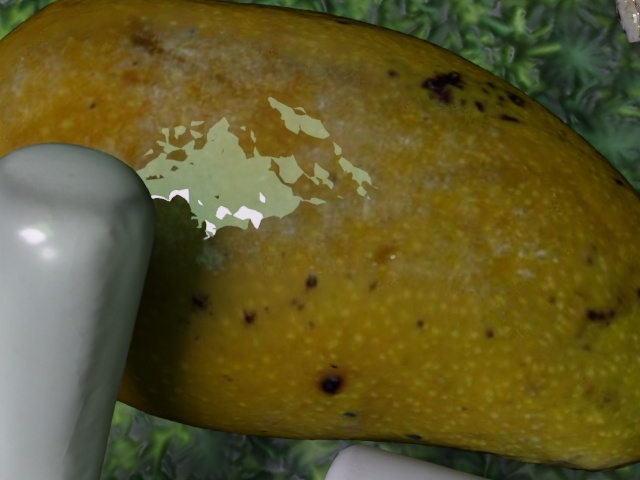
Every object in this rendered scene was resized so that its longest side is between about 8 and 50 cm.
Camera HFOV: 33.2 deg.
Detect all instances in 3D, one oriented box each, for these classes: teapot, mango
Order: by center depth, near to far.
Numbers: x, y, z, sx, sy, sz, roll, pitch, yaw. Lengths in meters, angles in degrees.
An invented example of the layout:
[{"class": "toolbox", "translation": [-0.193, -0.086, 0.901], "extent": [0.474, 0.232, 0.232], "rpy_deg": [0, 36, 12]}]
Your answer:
[{"class": "teapot", "translation": [-0.093, 0.144, 0.383], "extent": [0.220, 0.318, 0.149], "rpy_deg": [47, 51, 12]}, {"class": "mango", "translation": [-0.001, -0.007, 0.459], "extent": [0.329, 0.175, 0.176], "rpy_deg": [11, 121, 14]}]

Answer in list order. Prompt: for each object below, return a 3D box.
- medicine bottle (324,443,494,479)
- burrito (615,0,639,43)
[{"class": "medicine bottle", "translation": [0.104, 0.169, 0.401], "extent": [0.237, 0.139, 0.139], "rpy_deg": [13, 79, 7]}, {"class": "burrito", "translation": [0.154, -0.198, 0.532], "extent": [0.058, 0.063, 0.229], "rpy_deg": [-33, 56, 44]}]

━━━━━━━━

About this task: Determine how many lines of the material include the string "object", and give only the resulting number.

Response area: 2